--- GOAL OF THE EXERCISE ---
Each entry below should appear again exactly as written, without pictures.

Records from a data collection

-------

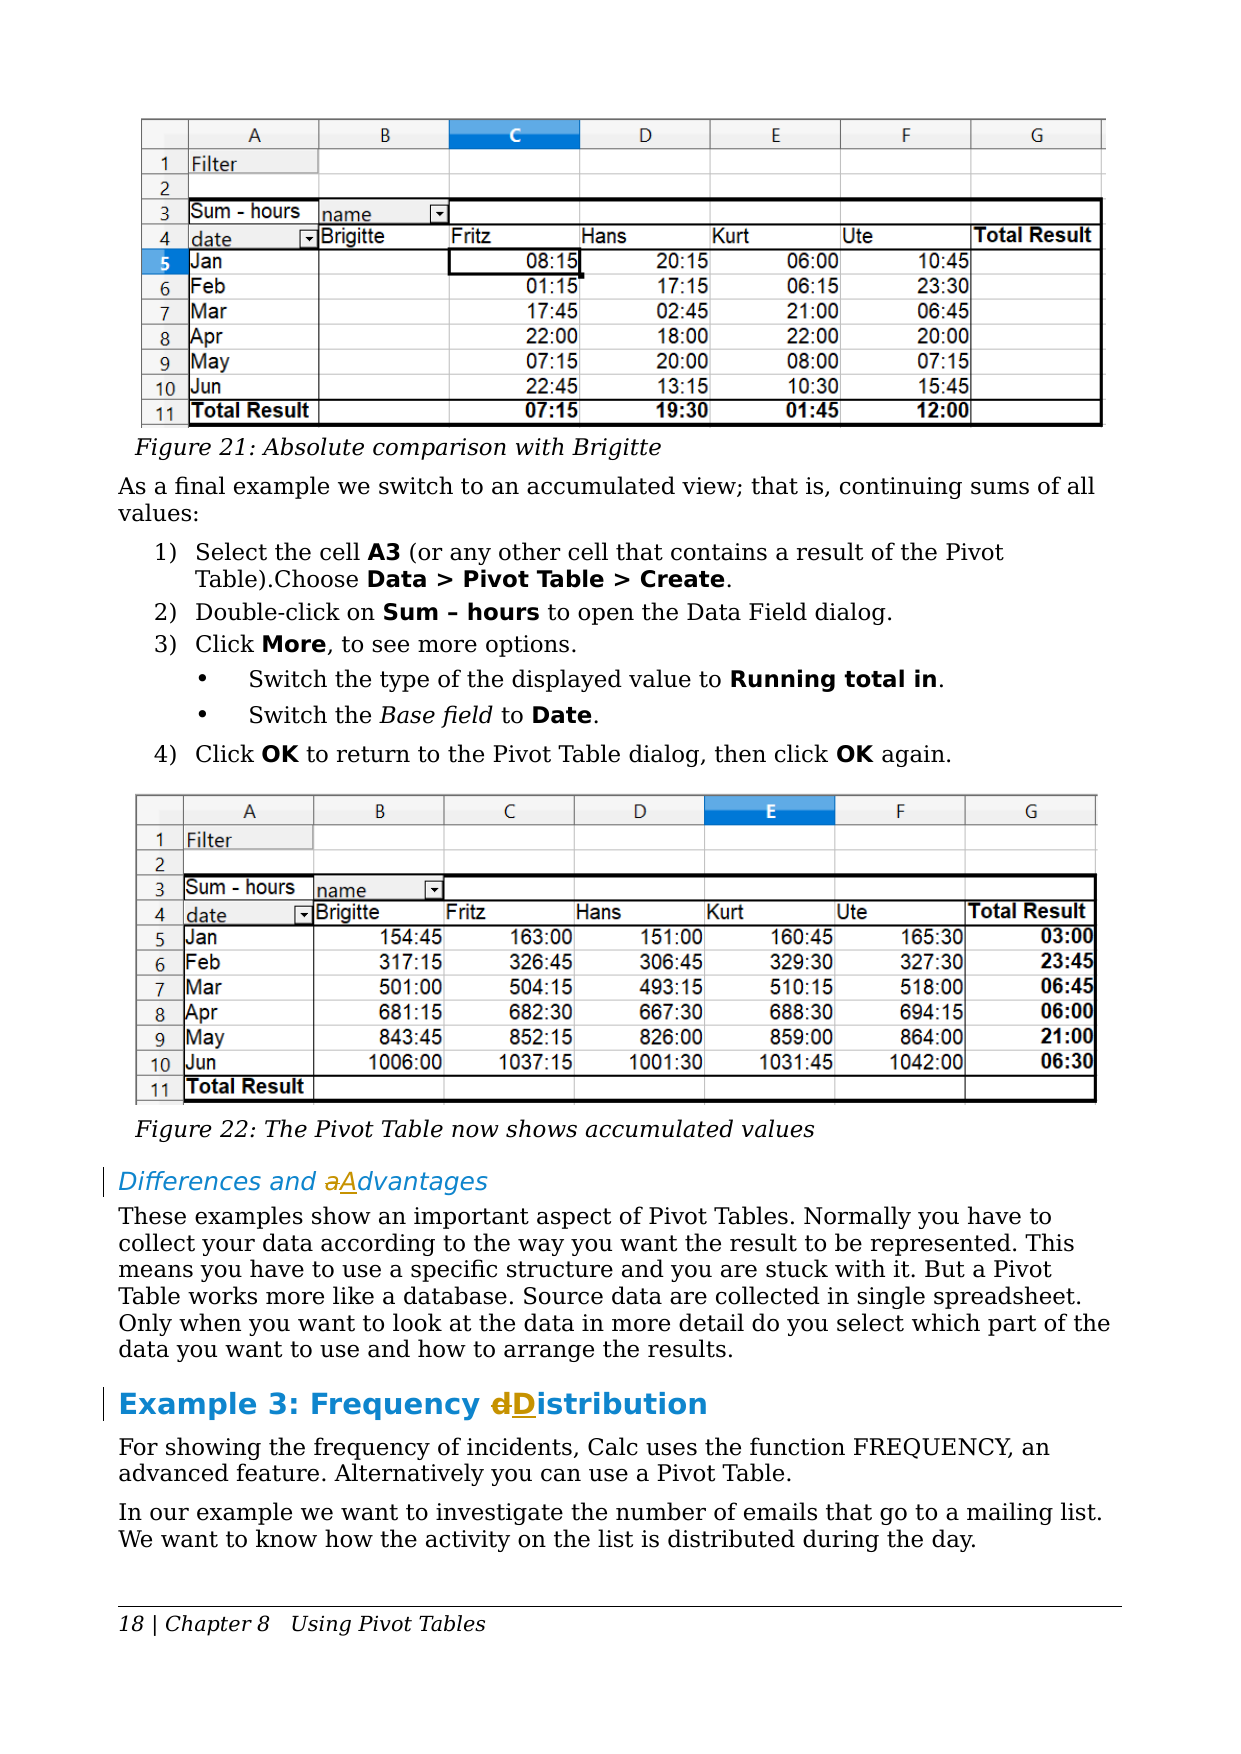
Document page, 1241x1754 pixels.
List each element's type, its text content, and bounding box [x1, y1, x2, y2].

subtitle Differences and Advantages [118, 1167, 1122, 1197]
text In our example we want to investigate the number of emails that go to a mailing list. We want to know how the activity on the list is distributed during the day. [118, 1499, 1122, 1553]
list Switch the Base field to Date. [195, 700, 1122, 729]
list Click OK to return to the Pivot Table dialog, then click OK again. [177, 741, 1122, 768]
list Select the cell A3 (or any other cell that contains a result of the Pivot Table).Choose Data > Pivot Table > Create. [177, 539, 1122, 592]
text For showing the frequency of incidents, Calc uses the function FREQUENCY, an advanced feature. Alternatively you can use a Pivot Table. [118, 1434, 1122, 1487]
text Figure 21: Absolute comparison with Brigitte [135, 434, 1106, 461]
list Switch the type of the displayed value to Running total in. [195, 664, 1122, 694]
list Click More, to see more options. [177, 632, 1122, 658]
picture [135, 793, 1098, 1105]
text Figure 22: The Pivot Table now shows accumulated values [135, 1116, 1105, 1143]
picture [141, 118, 1106, 428]
text As a final example we switch to an accumulated view; that is, continuing sums of all values: [118, 473, 1122, 527]
subtitle Example 3: Frequency Distribution [118, 1387, 1122, 1421]
list Double-click on Sum – hours to open the Data Field dialog. [177, 599, 1122, 625]
text These examples show an important aspect of Pivot Tables. Normally you have to collect your data according to the way you want the result to be represented. This means you have to use a specific structure and you are stuck with it. But a Pivot Table works more like a database. Source data are collected in single spreadsheet. Only when you want to look at the data in more detail do you select which part of the data you want to use and how to arrange the results. [118, 1203, 1122, 1363]
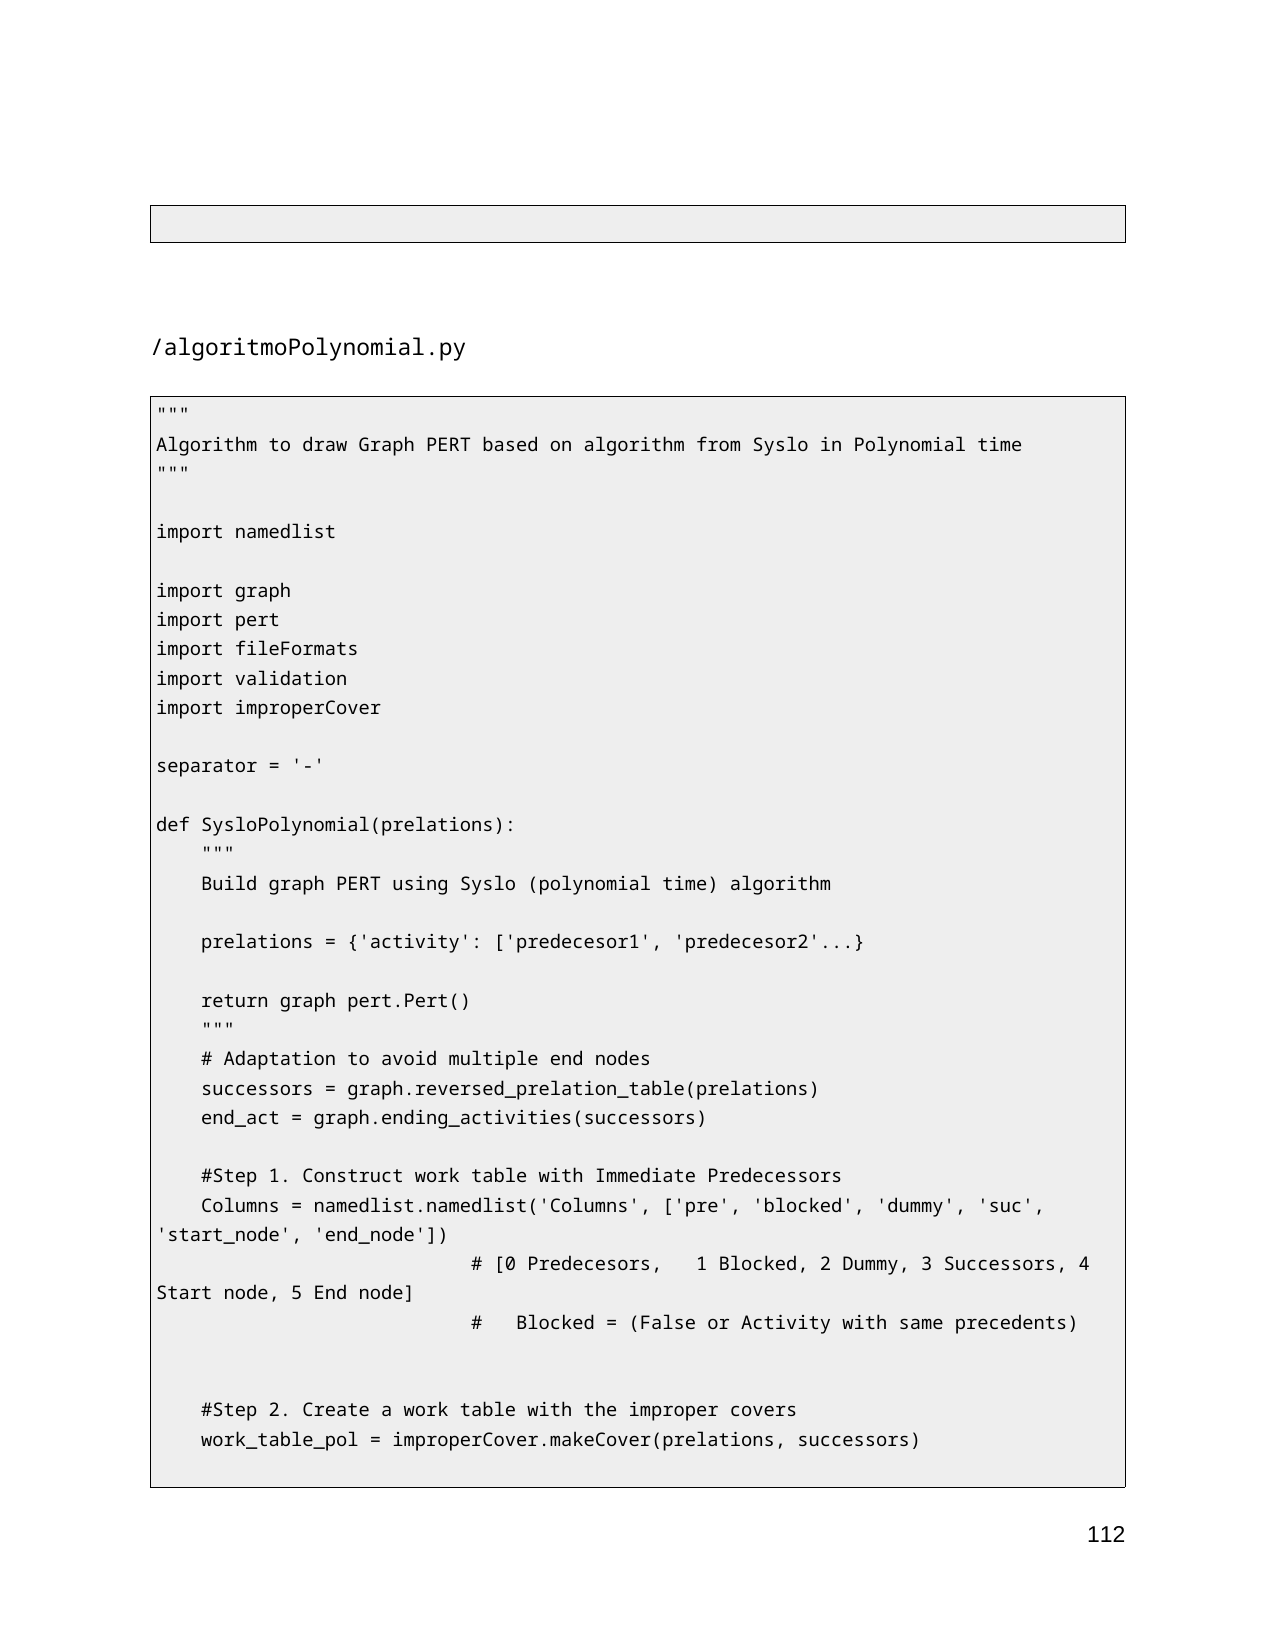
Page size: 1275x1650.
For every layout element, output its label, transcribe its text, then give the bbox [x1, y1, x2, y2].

text /algoritmoPolynomial.py [150, 330, 1125, 362]
table_header """ Algorithm to draw Graph PERT based on algorithm from Syslo in Polynomial time """ import namedlist import graph import pert import fileFormats import validation import improperCover separator = '-' def SysloPolynomial(prelations): """ Build graph PERT using Syslo (polynomial time) algorithm prelations = {'activity': ['predecesor1', 'predecesor2'...} return graph pert.Pert() """ # Adaptation to avoid multiple end nodes successors = graph.reversed_prelation_table(prelations) end_act = graph.ending_activities(successors) #Step 1. Construct work table with Immediate Predecessors Columns = namedlist.namedlist('Columns', ['pre', 'blocked', 'dummy', 'suc', 'start_node', 'end_node']) # [0 Predecesors, 1 Blocked, 2 Dummy, 3 Successors, 4 Start node, 5 End node] # Blocked = (False or Activity with same precedents) #Step 2. Create a work table with the improper covers work_table_pol = improperCover.makeCover(prelations, successors) [151, 397, 1125, 1487]

-------

--- WRITTEN ANSWER ---
Document page, 1241x1754 pixels.
List each element's type, its text content, and bounding box [x1, y1, x2, y2].

subtitle Differences and Advantages [118, 1167, 1122, 1197]
text In our example we want to investigate the number of emails that go to a mailing list. We want to know how the activity on the list is distributed during the day. [118, 1499, 1122, 1553]
list Switch the Base field to Date. [195, 700, 1122, 729]
list Click OK to return to the Pivot Table dialog, then click OK again. [177, 741, 1122, 768]
list Select the cell A3 (or any other cell that contains a result of the Pivot Table).Choose Data > Pivot Table > Create. [177, 539, 1122, 592]
text For showing the frequency of incidents, Calc uses the function FREQUENCY, an advanced feature. Alternatively you can use a Pivot Table. [118, 1434, 1122, 1487]
text Figure 21: Absolute comparison with Brigitte [135, 434, 1106, 461]
list Switch the type of the displayed value to Running total in. [195, 664, 1122, 694]
list Click More, to see more options. [177, 632, 1122, 658]
picture [135, 793, 1098, 1105]
text Figure 22: The Pivot Table now shows accumulated values [135, 1116, 1105, 1143]
picture [141, 118, 1106, 428]
text As a final example we switch to an accumulated view; that is, continuing sums of all values: [118, 473, 1122, 527]
subtitle Example 3: Frequency Distribution [118, 1387, 1122, 1421]
list Double-click on Sum – hours to open the Data Field dialog. [177, 599, 1122, 625]
text These examples show an important aspect of Pivot Tables. Normally you have to collect your data according to the way you want the result to be represented. This means you have to use a specific structure and you are stuck with it. But a Pivot Table works more like a database. Source data are collected in single spreadsheet. Only when you want to look at the data in more detail do you select which part of the data you want to use and how to arrange the results. [118, 1203, 1122, 1363]
Page size: 1275x1650.
For every layout element, output its label, transcribe its text, then give the bbox [x1, y1, x2, y2].

text /algoritmoPolynomial.py [150, 330, 1125, 362]
table_header """ Algorithm to draw Graph PERT based on algorithm from Syslo in Polynomial time """ import namedlist import graph import pert import fileFormats import validation import improperCover separator = '-' def SysloPolynomial(prelations): """ Build graph PERT using Syslo (polynomial time) algorithm prelations = {'activity': ['predecesor1', 'predecesor2'...} return graph pert.Pert() """ # Adaptation to avoid multiple end nodes successors = graph.reversed_prelation_table(prelations) end_act = graph.ending_activities(successors) #Step 1. Construct work table with Immediate Predecessors Columns = namedlist.namedlist('Columns', ['pre', 'blocked', 'dummy', 'suc', 'start_node', 'end_node']) # [0 Predecesors, 1 Blocked, 2 Dummy, 3 Successors, 4 Start node, 5 End node] # Blocked = (False or Activity with same precedents) #Step 2. Create a work table with the improper covers work_table_pol = improperCover.makeCover(prelations, successors) [151, 397, 1125, 1487]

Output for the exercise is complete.